1916: The Easter Rising, by Tim Pat Coogan (Cassell, 192 pp., $29.95)

The Easter Rising of 1916 is the central event in 20th-century Irish history. At noon on April 24 of that year, Easter Monday, a small group of violent separatists seized some key points in the city of Dublin and proclaimed a republic independent of Britain. After a week of bitter fighting the insurrection was put down. Most of its leaders were executed following brief courts-martial. Much of the city center had been destroyed by British shelling; 450 people had been killed and 2,614 wounded.

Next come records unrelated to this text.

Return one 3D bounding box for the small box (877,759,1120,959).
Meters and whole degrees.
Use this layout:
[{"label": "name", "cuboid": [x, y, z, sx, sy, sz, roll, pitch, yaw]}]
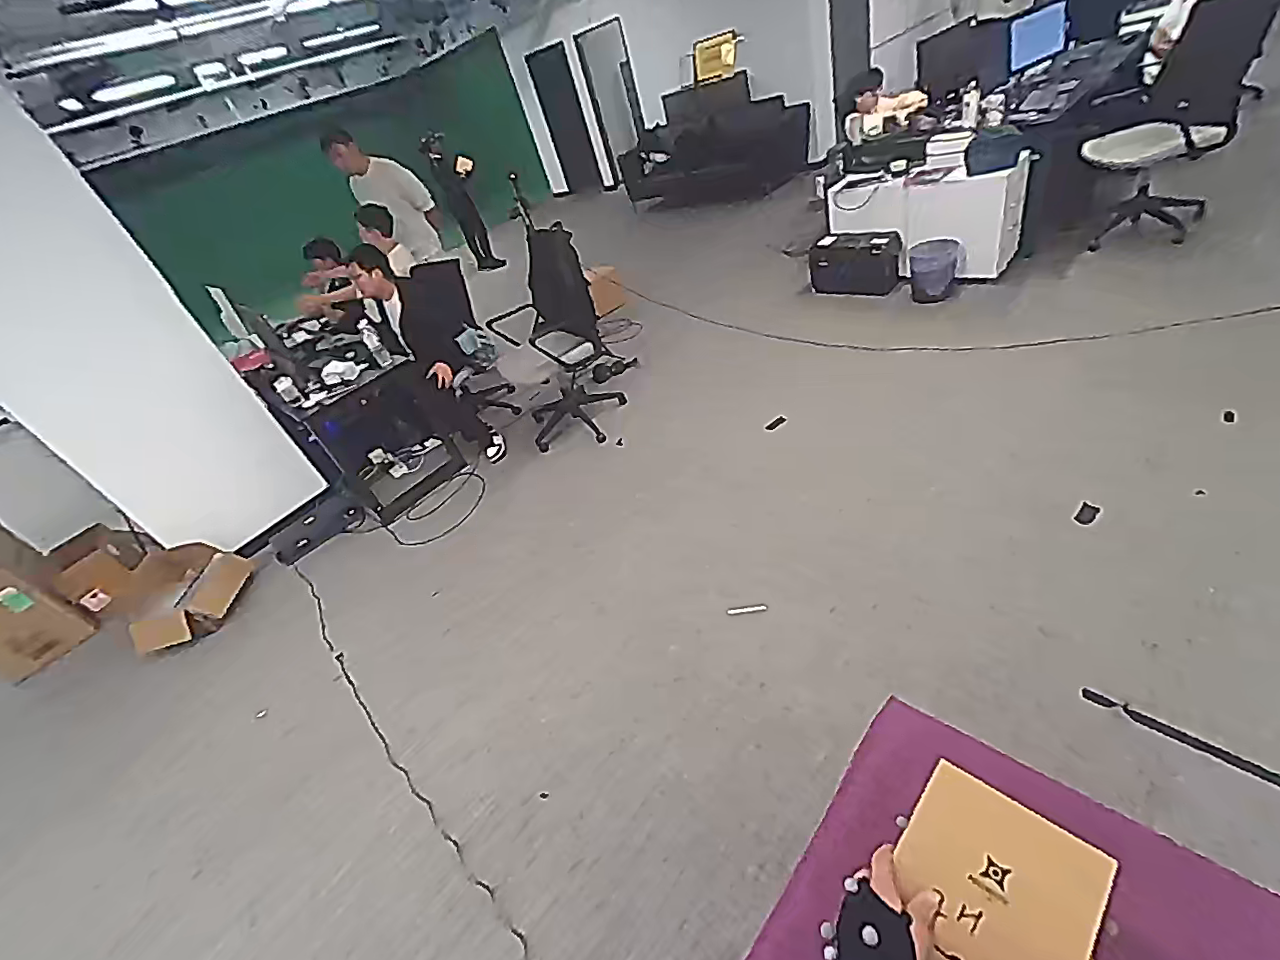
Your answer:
[{"label": "small box", "cuboid": [0.376, 0.457, 0.589, 0.168, 0.176, 0.179, 22, 54, 42]}]
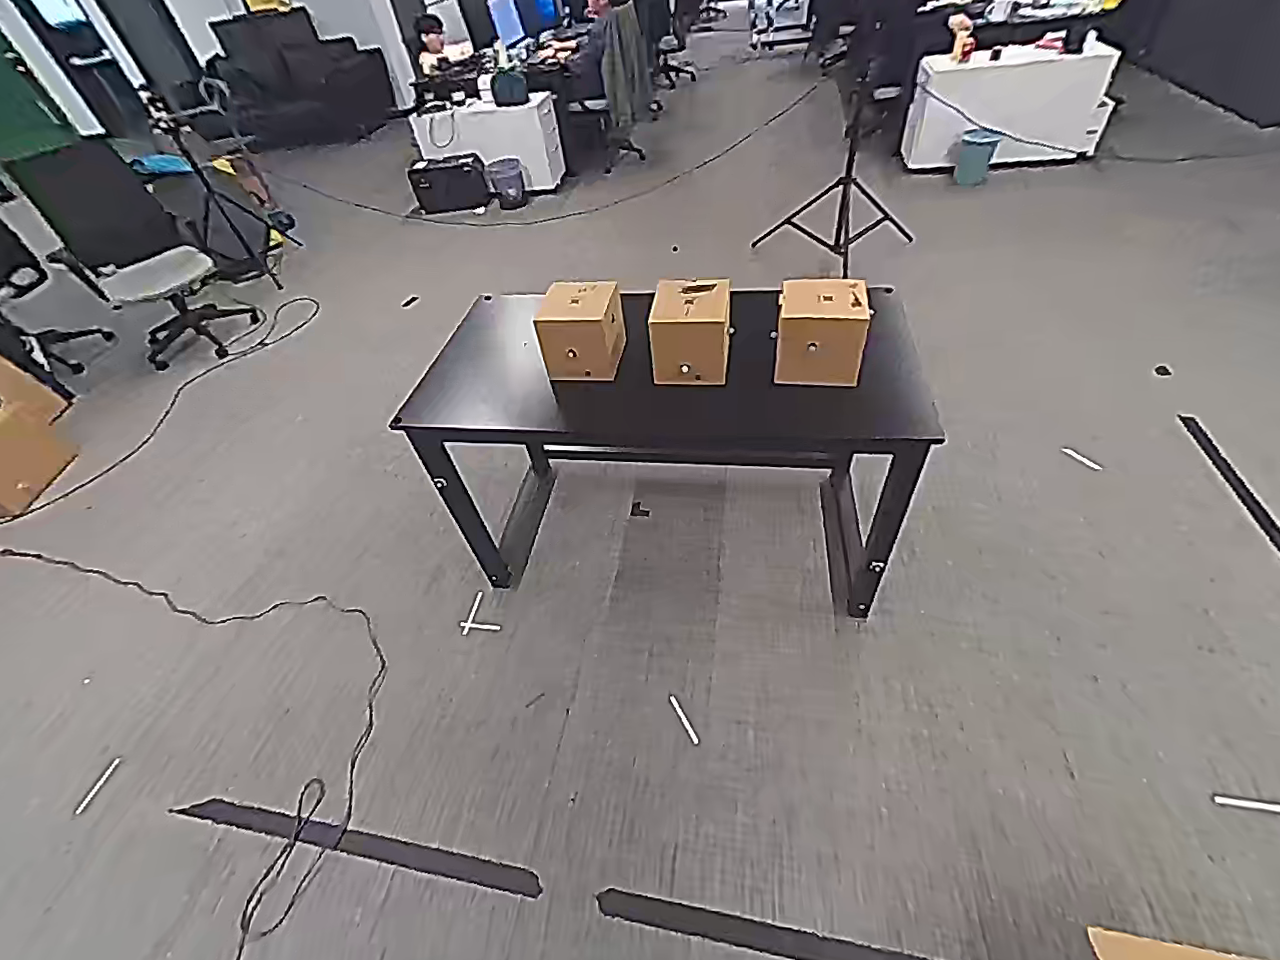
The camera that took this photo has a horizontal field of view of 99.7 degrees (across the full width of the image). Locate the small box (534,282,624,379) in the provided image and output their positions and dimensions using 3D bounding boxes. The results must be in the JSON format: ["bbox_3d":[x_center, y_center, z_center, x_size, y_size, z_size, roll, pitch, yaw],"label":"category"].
[{"bbox_3d":[-0.138,-0.359,1.310,0.168,0.176,0.179,3,47,11],"label":"small box"}]

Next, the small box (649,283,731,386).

Though a military failure, the Easter Rising -- more precisely, the British reaction to it -- strengthened and, in the minds of many Irishmen, legitimized what Tim Pat Coogan delicately refers to as "the physical force tradition" in Irish Republicanism. That tradition might more accurately be called Irish fascism, with the Easter Rising as its beer-hall putsch. The consequences of the Rising, at any rate, were wholly malign. First came the Anglo-Irish "war" of 1919-21, in which the IRA (as the violent separatists were now called), under the command of Michael Collins, a veteran of the Rising, set about systematically murdering policemen and other "collaborators." The British authorities responded with clumsiness and occasional savagery. Partition and Home Rule followed, under terms that had been available in 1914, and would have been implemented but for the outbreak of the world war. Nothing had been gained by all the carnage, except a great deal of bitterness on both sides.

Dissatisfied with those terms, a dogmatic faction of Republicans then launched a civil war that sputtered on for a year till the majority of Irish people, sick of political violence, permitted their Free State government to end it with a ferocity equal to anything the British had employed. Adherents of "the physical force tradition" -- those of them who survived the Irish firing squads -- fled to America, Ulster, and Britain, to await better times. Those times duly arrived in the 1960s, with the Ulster "civil rights" campaign as a front for revivifying that odious tradition, and with the international terrorist movement for fellowship and support.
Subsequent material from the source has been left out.